Chronica Scientifica

Universidade de Lisboa

Em precedentes artigos o nosso illustre escritor e brilhante jornalista, sr. Afonso Vargas, chama a atenção para o assumto [sic] que se resume nas palavras da epigraphe e, com a costumada elegancia de phrase, que em nada prejudica a profundeza do conceito, antes torna as suas afirmações mais sugestivas, toma a generosa iniciativa de recommendar a fundação em Lisboa de uma universidade, congregando para esse fim os elementos, aliás valiosos, que existem dispersos pelos varios estabelecimentos de ensino superior da capital.

Entendemos do nosso dever civico e patriotico dizer tambem algumas palavras em prol da mesma idéa alevantada [sic], cuja discussão reputamos de um grandissimo interesse para o pais.

Antes de entrar em considerações, daremos porem um testemunho que mostra pelo menos que a idea do estabelecimento de uma Universidade em Lisboa está no animo de muito boa gente pensante e imparcial, que nos conta já na posse dessa instituição, a qual nos faria subir de valor aos olhos nas nações cultas.

Muitas vezes nos tem sucedido receber dos nossos correspondentes estrangeiros cartas ou impressos com endereço para a… Universidade de Lisboa, de facto não existente, mas virtualmente acreditada lá para elles e consubstanciada em institutos importantes de ensino, principalmente na Escola Polytechnica, a que as mais das vezes se refere aquella designação, o que tem uma significação psychologica particular.
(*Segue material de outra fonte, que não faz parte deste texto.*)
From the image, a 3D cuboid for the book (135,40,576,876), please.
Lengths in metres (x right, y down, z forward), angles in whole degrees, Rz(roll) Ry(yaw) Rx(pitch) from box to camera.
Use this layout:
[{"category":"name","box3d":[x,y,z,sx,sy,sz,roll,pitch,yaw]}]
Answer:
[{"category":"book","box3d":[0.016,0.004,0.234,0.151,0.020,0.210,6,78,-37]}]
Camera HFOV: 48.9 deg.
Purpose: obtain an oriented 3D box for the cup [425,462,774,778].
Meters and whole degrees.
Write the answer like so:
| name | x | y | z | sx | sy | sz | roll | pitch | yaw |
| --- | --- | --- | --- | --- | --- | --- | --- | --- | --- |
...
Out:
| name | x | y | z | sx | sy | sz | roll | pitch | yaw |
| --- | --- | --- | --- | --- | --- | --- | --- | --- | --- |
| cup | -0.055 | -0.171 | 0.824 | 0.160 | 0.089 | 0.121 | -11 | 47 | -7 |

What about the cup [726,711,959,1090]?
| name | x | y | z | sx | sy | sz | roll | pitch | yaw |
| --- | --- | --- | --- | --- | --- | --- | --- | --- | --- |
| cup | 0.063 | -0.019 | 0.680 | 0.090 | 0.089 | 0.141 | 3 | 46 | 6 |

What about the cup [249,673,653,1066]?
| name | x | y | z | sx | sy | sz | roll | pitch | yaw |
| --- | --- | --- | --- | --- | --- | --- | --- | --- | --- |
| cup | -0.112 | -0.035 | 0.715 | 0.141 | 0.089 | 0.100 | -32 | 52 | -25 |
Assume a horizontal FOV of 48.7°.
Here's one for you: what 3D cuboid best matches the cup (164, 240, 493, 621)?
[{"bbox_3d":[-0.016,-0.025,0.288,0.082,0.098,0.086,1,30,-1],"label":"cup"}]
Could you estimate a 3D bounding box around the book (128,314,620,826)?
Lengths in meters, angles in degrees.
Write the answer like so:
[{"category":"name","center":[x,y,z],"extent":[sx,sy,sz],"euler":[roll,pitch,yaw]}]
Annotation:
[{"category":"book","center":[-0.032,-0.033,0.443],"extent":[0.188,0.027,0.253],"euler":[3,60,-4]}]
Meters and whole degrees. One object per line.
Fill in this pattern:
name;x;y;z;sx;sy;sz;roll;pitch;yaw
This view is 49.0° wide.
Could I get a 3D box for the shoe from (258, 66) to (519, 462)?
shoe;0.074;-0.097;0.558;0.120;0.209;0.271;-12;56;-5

Representa ella ao menos a expressão de uma crença honrosa para nós, a qual se pode e deve resolver num desideratum para ser meditado e resolvido pela parte pensante e dirigente da nação.

Esta suposição, que nada tem de audaciosa, representa felizmente o credito de que, sobre cousas de engenho e arte, pode gosar uma nacionalidade que teve, em seculos passados, pelo nobre esforço dos seus homens, pela audaacia e heroicidade dos seus navegadores, pela habilidade dos seus politicos e diplomatas, pelo talento dos seus literatos e philosophos e ainda pela delicada e pujante intelectualidade de muitas mulheres notaveis, teve tamanha influencia nos destinos dos povos, nos progressos da humanidade, a favor das artes, das letras, das sciencias, da politica, em toda a parte; que deu brilho a academias e universidades estrangeiras, emprestando-lhe um pouco da energia mental do escol dos seus intelectuaes de outros tempos, como Damião de Goes na cathedra de Lovaina; que possue uma lingua rica e uma literatura gloriosa, escolhida e abundante em todos os generos; que tem tido os seus theologos, os seus mathematicos, os seus jurisconsultos, os seus pensadores e poetas, os seus dramaturgos e oradores, como teve e tem os seus pintores celebres, os estatuarios, os artistas da côr e da forma, do desenho e da ceramica, desde Nuno Gonçalves até Bordallo Pinheiro, os seus inventores de fama universal, Bartholomeu de Gusmão e Pedro Nunes, os mestres conhecidos dos eruditos, Garcia da Orta e Ribeiro Sanches, Manuel Alvares e toda essa pleiade de portugueses celebres, que nos seculos XVI e XVII illustraram o nome patrio em institutos estrangeiros e o fizeram valer aos olhos da Europa, ainda maravilhada das façanhas lusitanas dos seculos XV e XVI.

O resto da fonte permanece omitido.